# από μέσα and μες απ[ό]



## OssianX

I have come across almost an equal number of these two word-orders.  As far as I can tell (though this is really why I'm asking), they _both_ want to be translated as "inside" or "from inside" about equally often.  (Or sometimes μέσα από seems best as "through.")  Am I just wrong about this?  Or is the order of the two words really a free choice (like "toward" and "towards" in English, or "till" and "until")?

Maybe there's something in the context that determines it, but from my samples I haven't been able to deduce one.


----------



## elliest_5

OssianX said:


> I have come across almost an equal number of these two word-orders.  As far as I can tell (though this is really why I'm asking), they _both_ want to be translated as "inside" or "from inside" about equally often.  (Or sometimes μέσα από seems best as "through.")  Am I just wrong about this?  Or is the order of the two words really a free choice (like "toward" and "towards" in English, or "till" and "until")?
> 
> Maybe there's something in the context that determines it, but from my samples I haven't been able to deduce one.


You re right at what you 've said: they are not the same. They can be totally different but there are also cases where their difference is more subtle and it can even disappear in the case that you add (or assume) another "από" phrase after "από μέσα". See examples below:

"Το πεπόνι έχει σαπίσει από μέσα" (on the inside/from the inside) : nothing to do with the uses of "μέσα από"

"Οι φωνές έρχονταν μέσα απ' το ανοιχτό παράθυρο" (through): από μέσα cannot be used to express through

"Η Καλομοίρα πετάχτηκε μέσα από την τουρτα" (actual event )
 (from inside the cake : note that it expresses movement)

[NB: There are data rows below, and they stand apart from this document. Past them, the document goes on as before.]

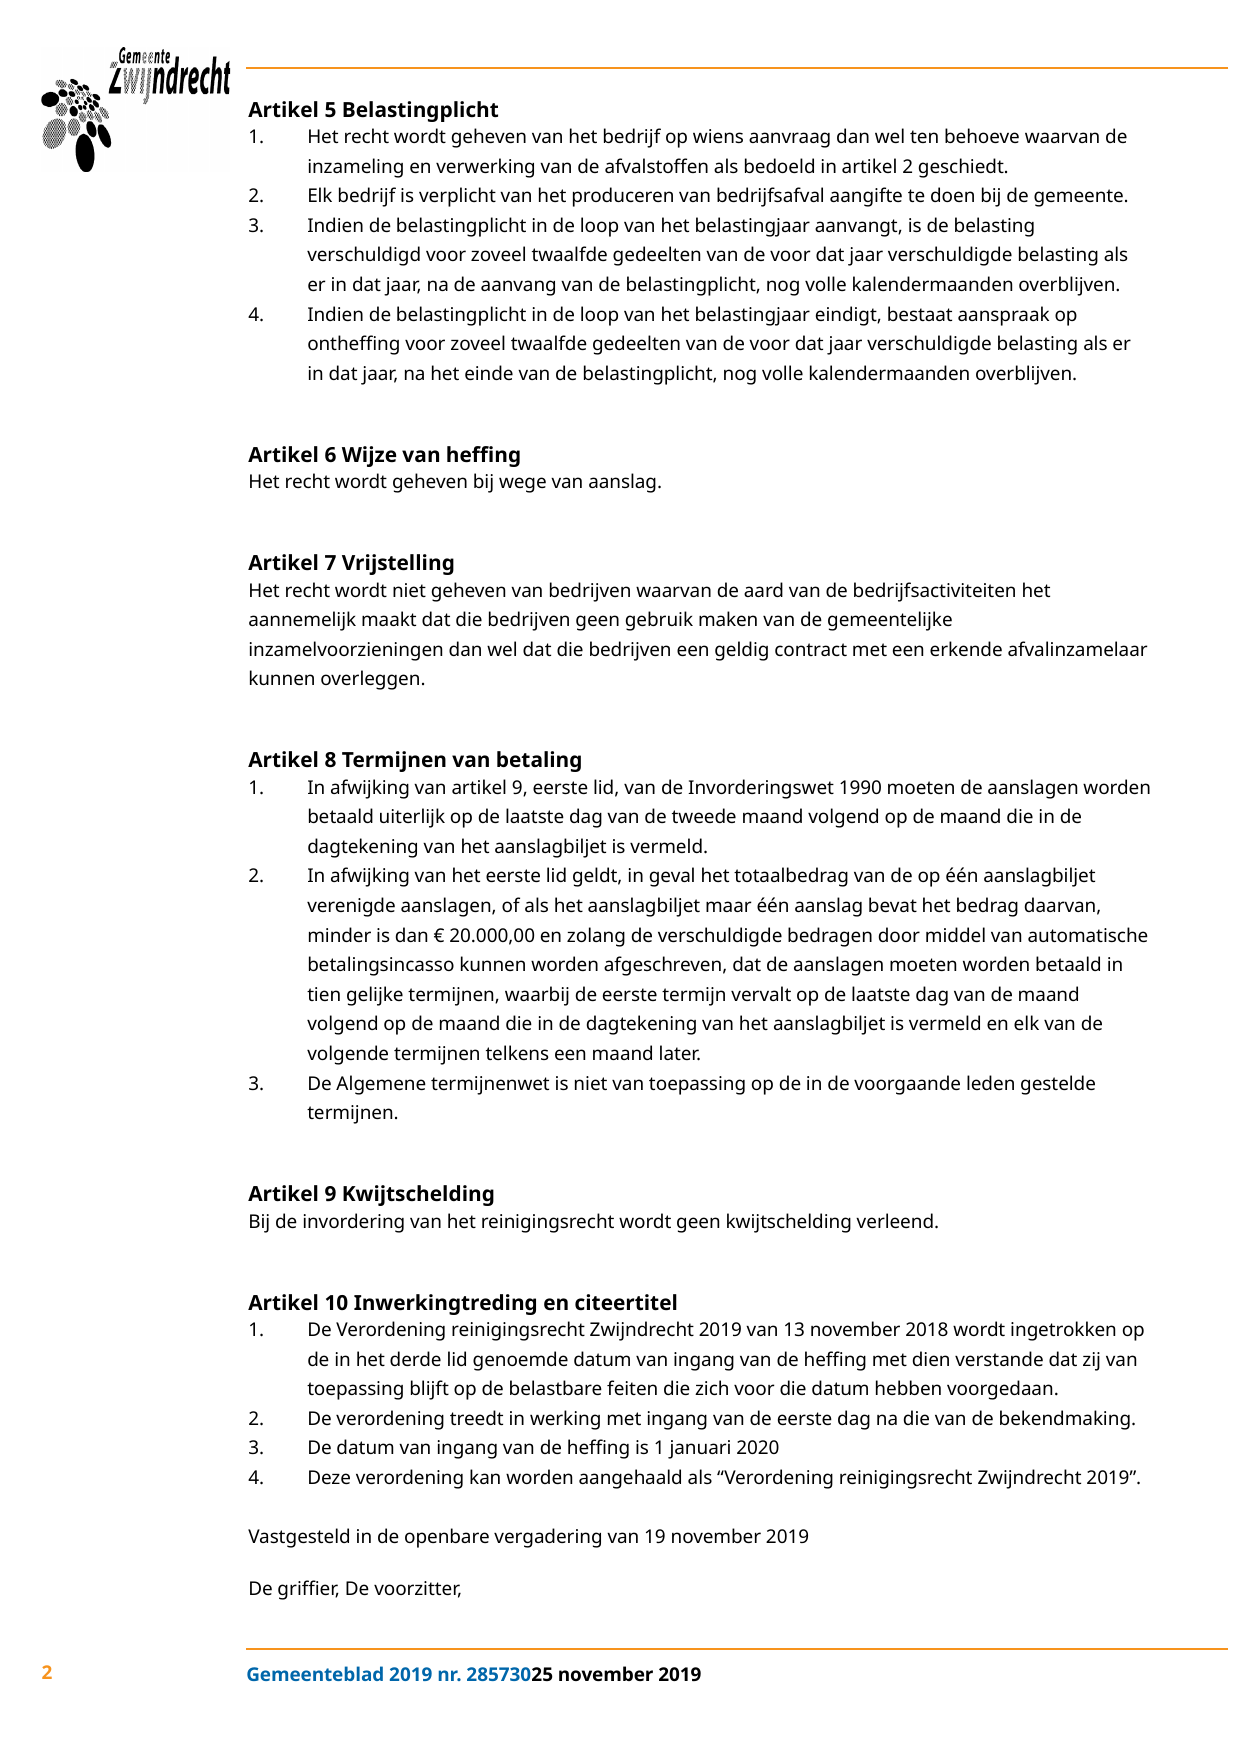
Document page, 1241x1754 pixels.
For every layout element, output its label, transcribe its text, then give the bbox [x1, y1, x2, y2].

list De Algemene termijnenwet is niet van toepassing op de in de voorgaande leden gestelde termijnen. [248, 1070, 1152, 1125]
list Deze verordening kan worden aangehaald als “Verordening reinigingsrecht Zwijndrecht 2019”. [248, 1464, 1152, 1490]
text Bij de invordering van het reinigingsrecht wordt geen kwijtschelding verleend. [248, 1208, 1152, 1233]
text Het recht wordt niet geheven van bedrijven waarvan de aard van de bedrijfsactiviteiten het aannemelijk maakt dat die bedrijven geen gebruik maken van de gemeentelijke inzamelvoorzieningen dan wel dat die bedrijven een geldig contract met een erkende afvalinzamelaar kunnen overleggen. [248, 577, 1152, 691]
list In afwijking van het eerste lid geldt, in geval het totaalbedrag van de op één aanslagbiljet verenigde aanslagen, of als het aanslagbiljet maar één aanslag bevat het bedrag daarvan, minder is dan € 20.000,00 en zolang de verschuldigde bedragen door middel van automatische betalingsincasso kunnen worden afgeschreven, dat de aanslagen moeten worden betaald in tien gelijke termijnen, waarbij de eerste termijn vervalt op de laatste dag van de maand volgend op de maand die in de dagtekening van het aanslagbiljet is vermeld en elk van de volgende termijnen telkens een maand later. [248, 863, 1152, 1066]
text Artikel 7 Vrijstelling [248, 548, 1152, 577]
list Het recht wordt geheven van het bedrijf op wiens aanvraag dan wel ten behoeve waarvan de inzameling en verwerking van de afvalstoffen als bedoeld in artikel 2 geschiedt. [248, 123, 1152, 178]
list De datum van ingang van de heffing is 1 januari 2020 [248, 1434, 1152, 1460]
text Artikel 8 Termijnen van betaling [248, 746, 1152, 774]
list Elk bedrijf is verplicht van het produceren van bedrijfsafval aangifte te doen bij de gemeente. [248, 182, 1152, 208]
text De griffier, De voorzitter, [248, 1575, 1152, 1601]
list Indien de belastingplicht in de loop van het belastingjaar aanvangt, is de belasting verschuldigd voor zoveel twaalfde gedeelten van de voor dat jaar verschuldigde belasting als er in dat jaar, na de aanvang van de belastingplicht, nog volle kalendermaanden overblijven. [248, 212, 1152, 297]
list De Verordening reinigingsrecht Zwijndrecht 2019 van 13 november 2018 wordt ingetrokken op de in het derde lid genoemde datum van ingang van de heffing met dien verstande dat zij van toepassing blijft op de belastbare feiten die zich voor die datum hebben voorgedaan. [248, 1316, 1152, 1401]
list Indien de belastingplicht in de loop van het belastingjaar eindigt, bestaat aanspraak op ontheffing voor zoveel twaalfde gedeelten van de voor dat jaar verschuldigde belasting als er in dat jaar, na het einde van de belastingplicht, nog volle kalendermaanden overblijven. [248, 301, 1152, 386]
text Vastgesteld in de openbare vergadering van 19 november 2019 [248, 1523, 1152, 1549]
list De verordening treedt in werking met ingang van de eerste dag na die van de bekendmaking. [248, 1405, 1152, 1431]
text Artikel 5 Belastingplicht [248, 95, 1152, 123]
text Artikel 6 Wijze van heffing [248, 440, 1152, 468]
text Artikel 10 Inwerkingtreding en citeertitel [248, 1288, 1152, 1316]
text Het recht wordt geheven bij wege van aanslag. [248, 468, 1152, 494]
list In afwijking van artikel 9, eerste lid, van de Invorderingswet 1990 moeten de aanslagen worden betaald uiterlijk op de laatste dag van de tweede maand volgend op de maand die in de dagtekening van het aanslagbiljet is vermeld. [248, 774, 1152, 859]
text Artikel 9 Kwijtschelding [248, 1179, 1152, 1208]
picture [41, 47, 231, 172]
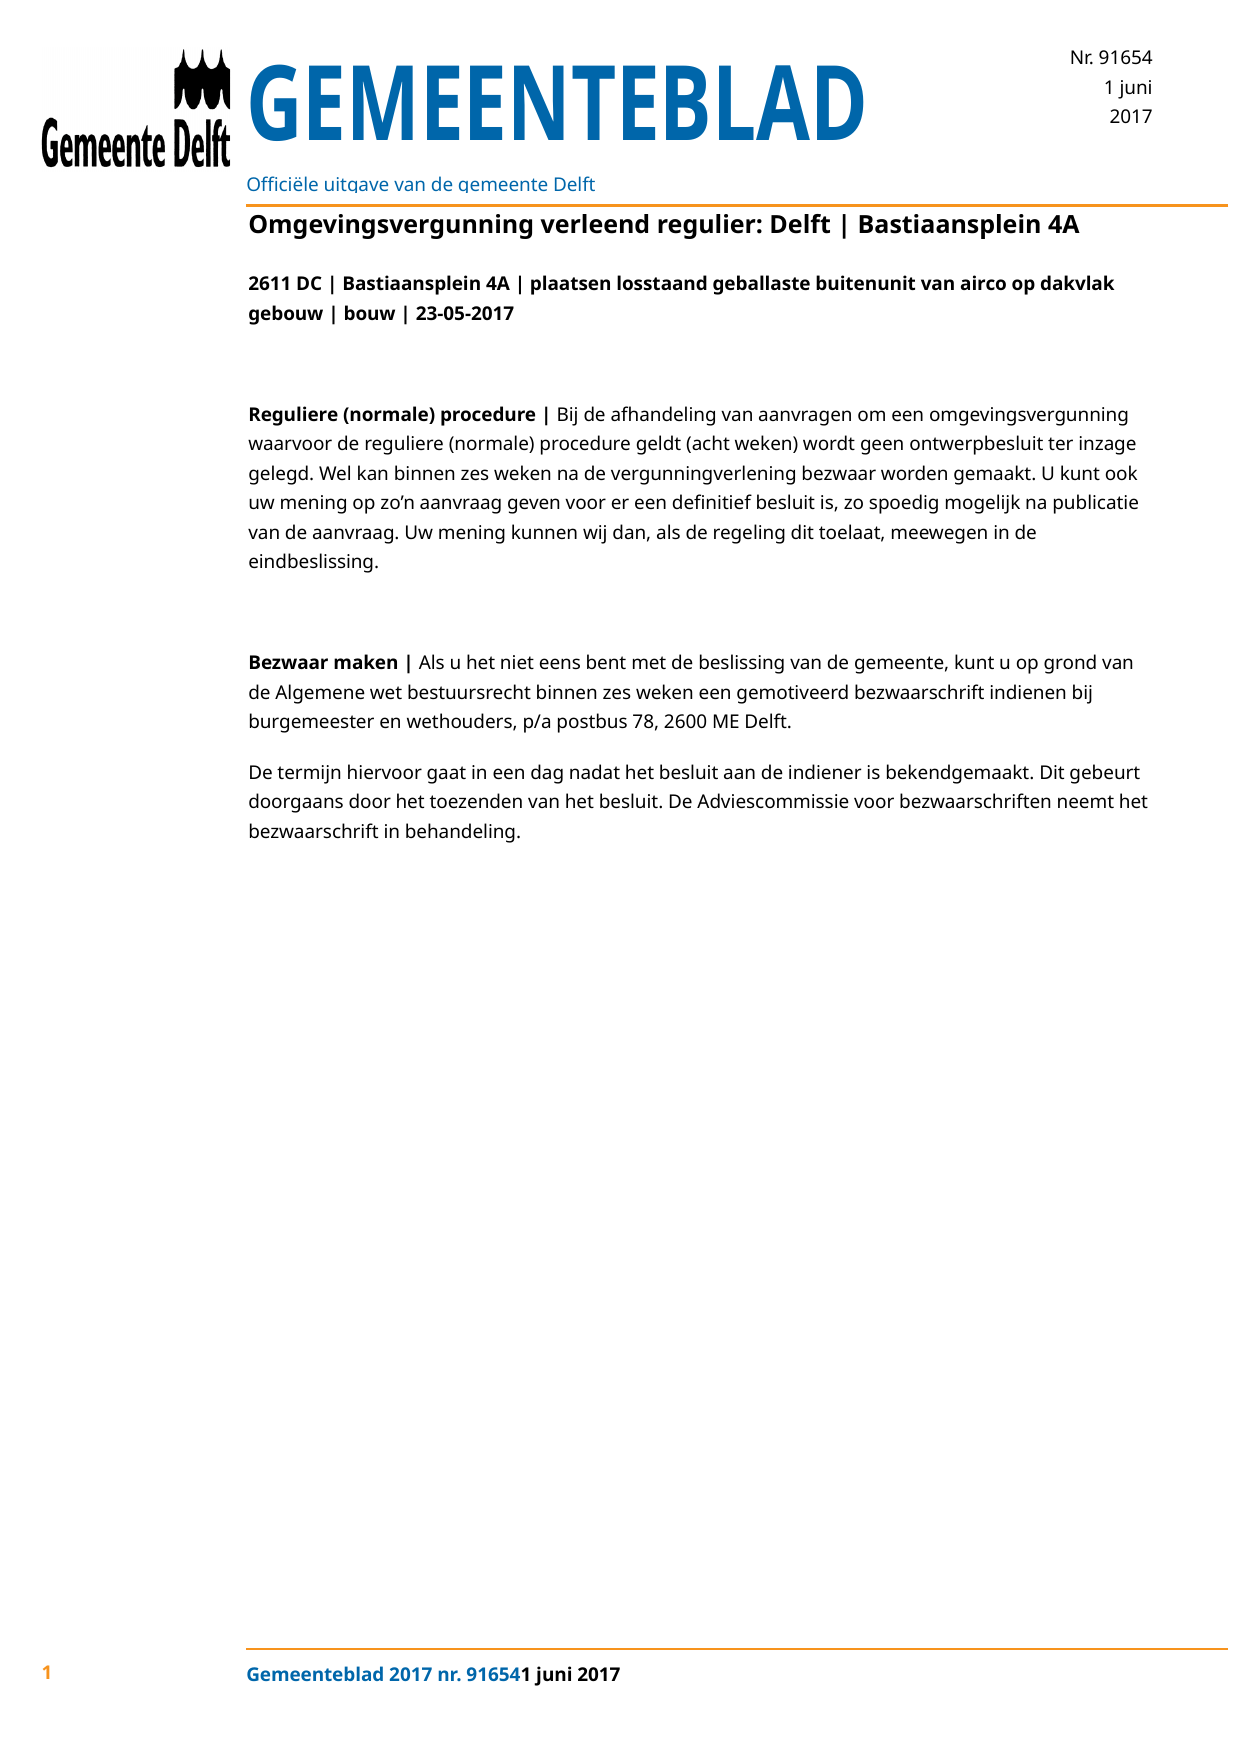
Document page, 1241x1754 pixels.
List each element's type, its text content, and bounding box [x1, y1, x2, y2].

picture [41, 47, 231, 172]
text De termijn hiervoor gaat in een dag nadat het besluit aan de indiener is bekendgemaakt. Dit gebeurt doorgaans door het toezenden van het besluit. De Adviescommissie voor bezwaarschriften neemt het bezwaarschrift in behandeling. [248, 759, 1152, 844]
text Bezwaar maken | Als u het niet eens bent met de beslissing van de gemeente, kunt u op grond van de Algemene wet bestuursrecht binnen zes weken een gemotiveerd bezwaarschrift indienen bij burgemeester en wethouders, p/a postbus 78, 2600 ME Delft. [248, 649, 1152, 734]
text Reguliere (normale) procedure | Bij de afhandeling van aanvragen om een omgevingsvergunning waarvoor de reguliere (normale) procedure geldt (acht weken) wordt geen ontwerpbesluit ter inzage gelegd. Wel kan binnen zes weken na de vergunningverlening bezwaar worden gemaakt. U kunt ook uw mening op zo’n aanvraag geven voor er een definitief besluit is, zo spoedig mogelijk na publicatie van de aanvraag. Uw mening kunnen wij dan, als de regeling dit toelaat, meewegen in de eindbeslissing. [248, 401, 1152, 574]
text Omgevingsvergunning verleend regulier: Delft | Bastiaansplein 4A [248, 207, 1152, 241]
text 2611 DC | Bastiaansplein 4A | plaatsen losstaand geballaste buitenunit van airco op dakvlak gebouw | bouw | 23-05-2017 [248, 270, 1152, 326]

"Έφεραν μια τούρτα και από μέσα 
[*] πετάχτηκε η Καλομοίρα" : Here the reader assumes that it is meant "from inside *of the cake* and that is why one can also explicitly express that in : " *Από μέσα από την τούρτα* πετάχτηκε η Καλομοίρα" (that, I guess is a blending of the two constructions you mention)


----------



## OssianX

Thank you (and for the picture!).  But I'm still confused.  Your last two examples both seem to mean that she was inside the cake, and then she sprang out of it, or (out) from inside it.  As someone thinking in English, I can't see a difference.  Have we run into a real difference between Greek and English perceptions?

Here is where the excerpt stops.